> Data
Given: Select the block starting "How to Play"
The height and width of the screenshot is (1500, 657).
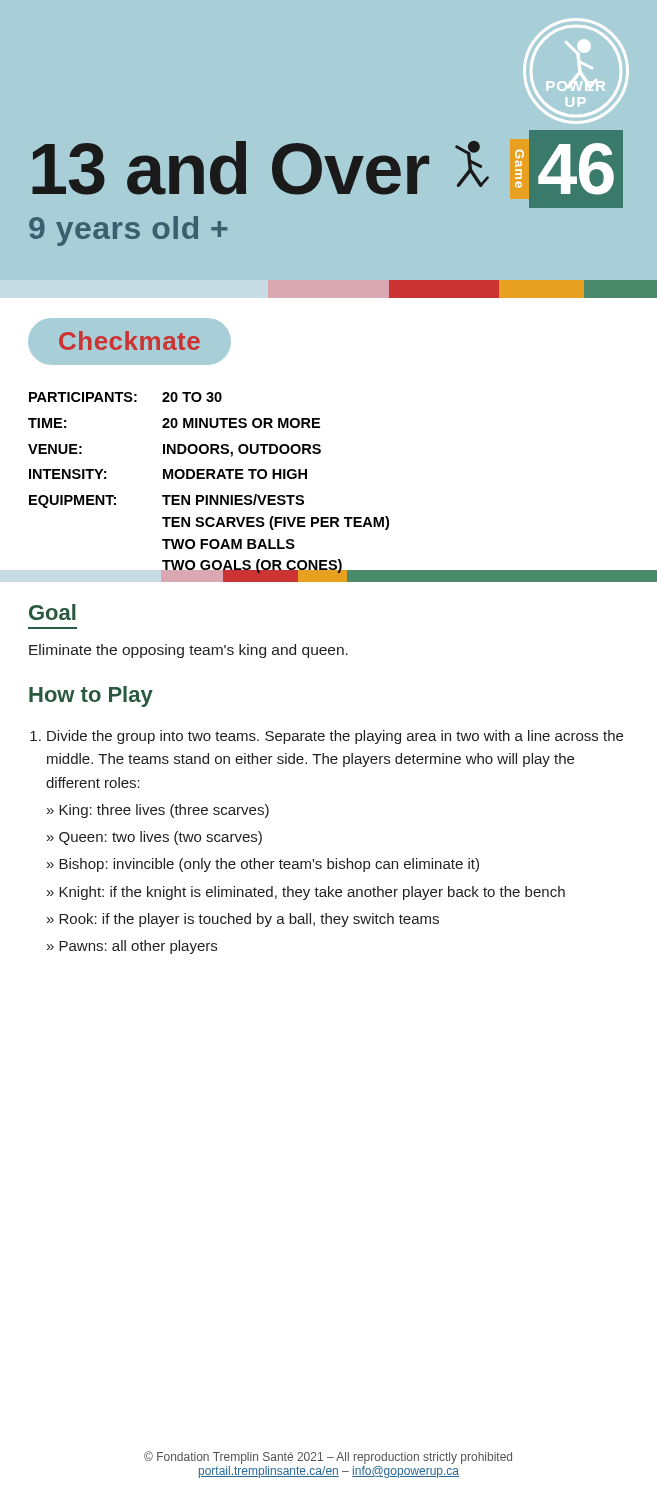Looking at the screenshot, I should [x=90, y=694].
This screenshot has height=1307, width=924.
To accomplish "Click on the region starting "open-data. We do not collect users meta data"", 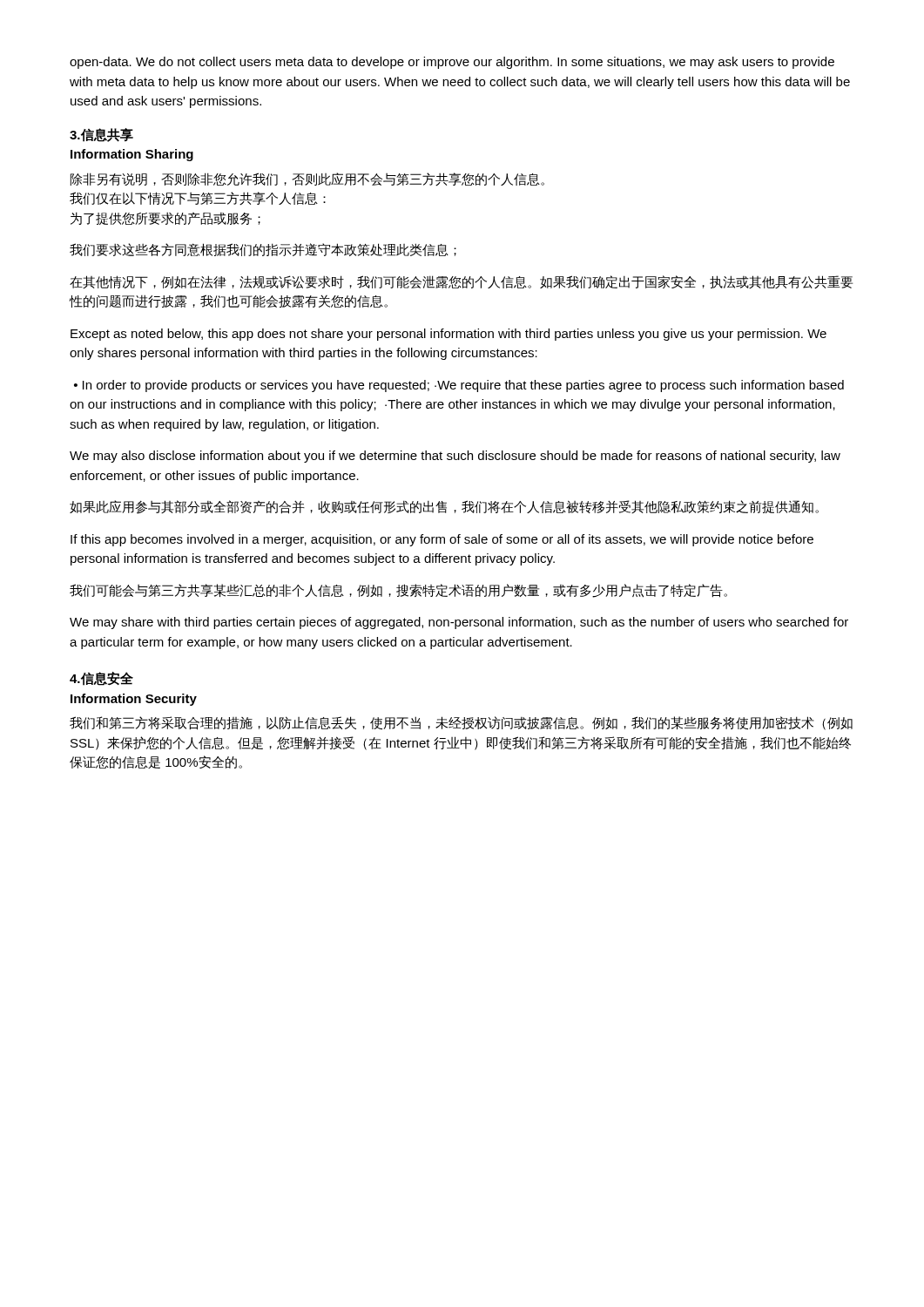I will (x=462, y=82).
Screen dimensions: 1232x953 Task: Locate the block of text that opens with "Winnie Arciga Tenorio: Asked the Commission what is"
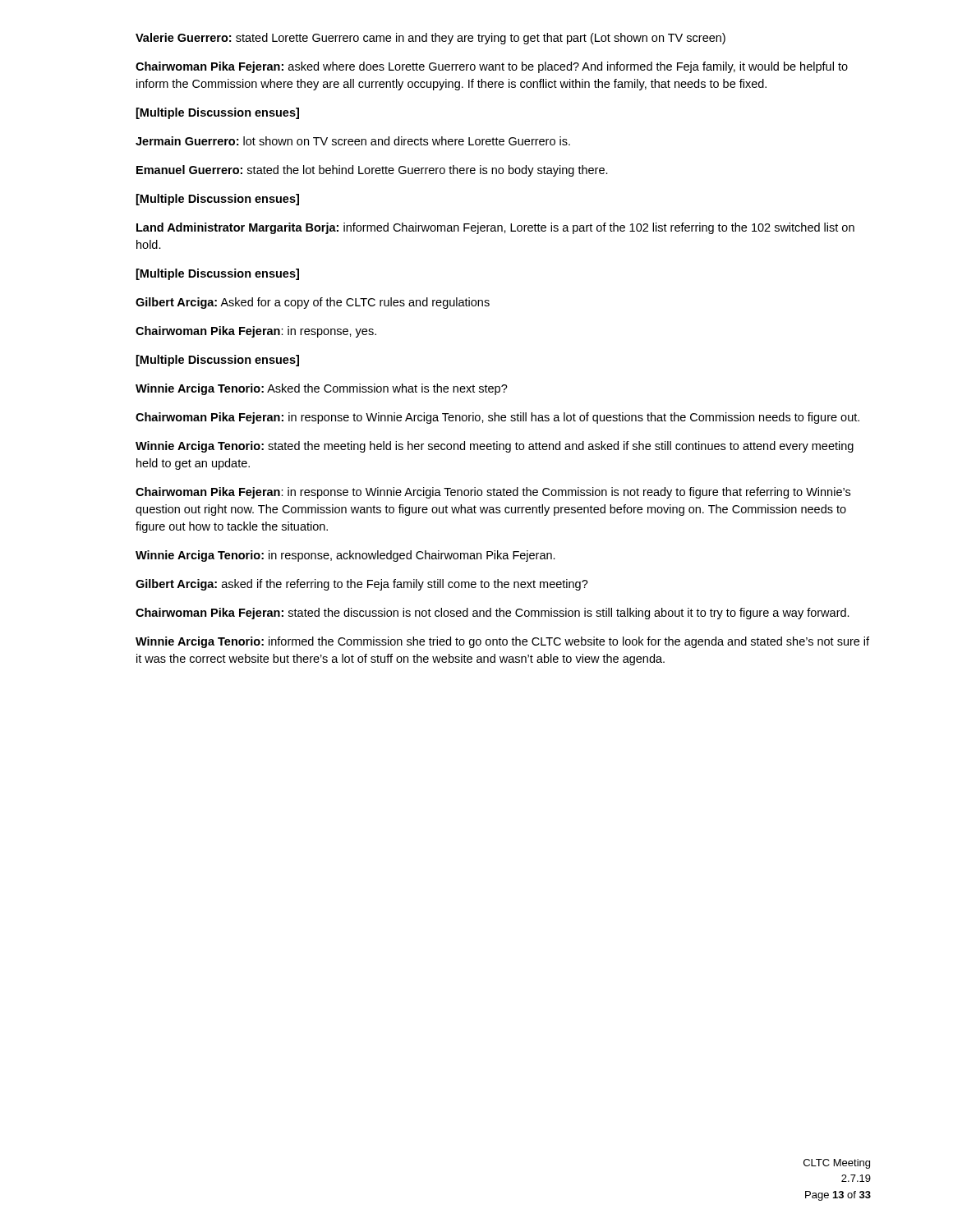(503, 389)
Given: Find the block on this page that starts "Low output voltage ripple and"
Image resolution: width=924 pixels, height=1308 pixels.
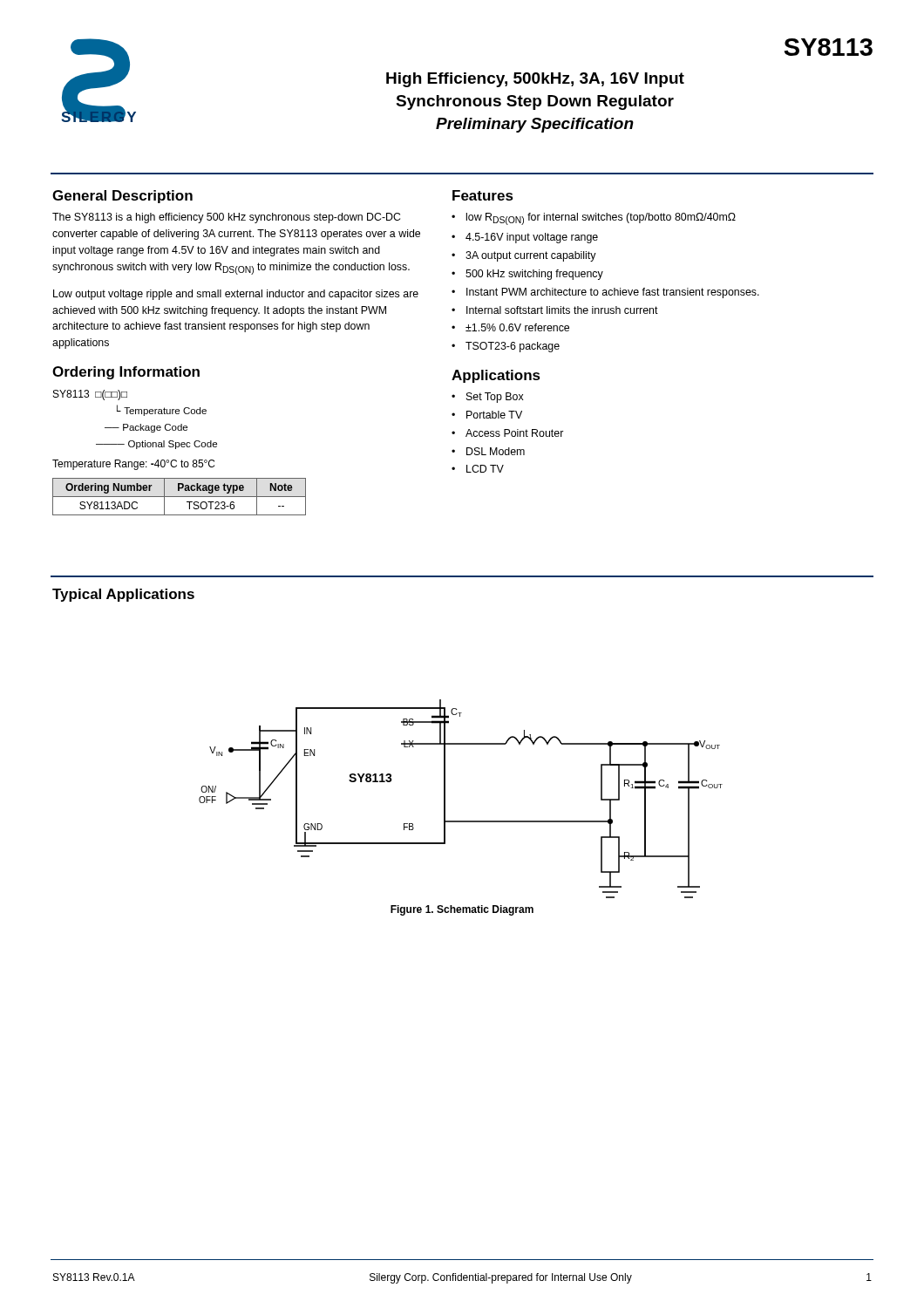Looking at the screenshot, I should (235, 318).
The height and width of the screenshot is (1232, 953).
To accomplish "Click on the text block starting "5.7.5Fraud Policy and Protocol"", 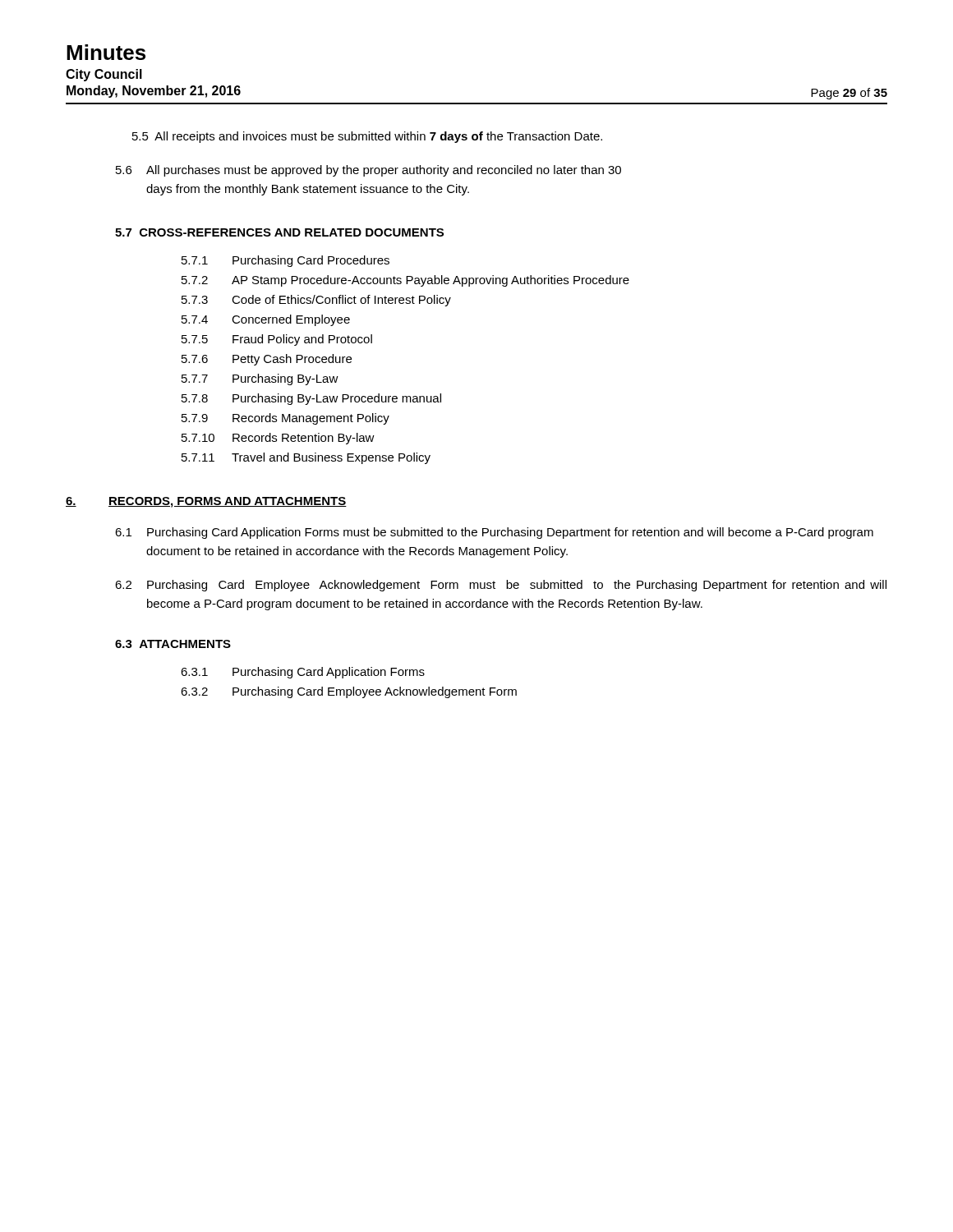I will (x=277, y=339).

> Work to be completed
Return each line of the data that contains the string "Given".

> The completed task
Given: Select the block starting "How to Play"
Given: Find the block on this page that starts "Low output voltage ripple and"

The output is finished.